Legal aid applicants shall be presumed able to bear the costs of proceedings if in the instant case they are entitled to secure payment of these costs through an insurance contract or other private instrument, such as a no-win, no-fee agreement with the lawyer and providing that court costs will be paid by a third party, as long as such agreements are not prohibited in the Member States of the applicant’s residence or in the Member State of the forum..

Justification

Clarification.

Amendment 32
Article 16

Legal aid shall be granted in cases where disputes are settled via extra-judicial procedures, if the law makes provision for such procedures or if the parties to the dispute are ordered by the court to have recourse to them.
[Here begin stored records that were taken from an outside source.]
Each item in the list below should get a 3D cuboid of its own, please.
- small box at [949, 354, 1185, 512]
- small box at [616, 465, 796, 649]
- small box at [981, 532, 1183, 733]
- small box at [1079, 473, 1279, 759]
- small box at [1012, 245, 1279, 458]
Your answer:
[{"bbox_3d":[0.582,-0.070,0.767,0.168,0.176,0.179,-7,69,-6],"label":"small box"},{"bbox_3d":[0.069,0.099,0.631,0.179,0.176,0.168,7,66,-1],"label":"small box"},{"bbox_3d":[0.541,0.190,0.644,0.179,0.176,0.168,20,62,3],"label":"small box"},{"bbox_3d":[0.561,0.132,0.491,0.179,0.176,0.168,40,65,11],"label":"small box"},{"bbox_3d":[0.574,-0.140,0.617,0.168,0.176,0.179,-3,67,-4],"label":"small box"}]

Legal aid shall be granted in cases where disputes are settled via extra-judicial procedures, if the law encourages the use of such procedures or if the parties to the dispute are ordered by the court to have recourse to them.

 

Where legal aid is extended to extra-judicial procedures, such procedures should comply with the principles of Commission Recommendation 98/257/EC of 30 March 1998 concerning the principles applicable to the bodies responsible for the extra-judicial resolution of consumer disputes.

Justification

Whilst in principle legal aid should rightly be extended to extra-judicial procedures which have a growing role to play in the area of cross border disputes, such procedures to qualify should comply with the requirements of Commission Recommendation/s 98/257/EC of 30 March 1998 concerning the principles applicable to the bodies responsible.

Amendment 33
Article 16, new paragraph after the first paragraph
 

Where legal aid is extended to extra-judicial procedures, such procedures should comply with the principles of Commission Recommendation 98/257/EC of 30 March 1998 concerning the principles applicable to the bodies responsible for the extra-judicial resolution of consumer disputes.

Justification

Whilst in principle legal aid should rightly be extended to extra-judicial procedures which have a growing role to play in the area of cross border disputes, such procedures to qualify should comply with the requirements of Commission Recommendation/s 98/257/EC of 30 March 1998 concerning the principles applicable to the bodies responsible for the extra-judicial resolution of consumer disputes.

Amendment 34
Article 17, paragraph 1

Member States shall provide that the winning party shall be entitled to fair reimbursement from the losing party of all or part of the costs of the proceedings.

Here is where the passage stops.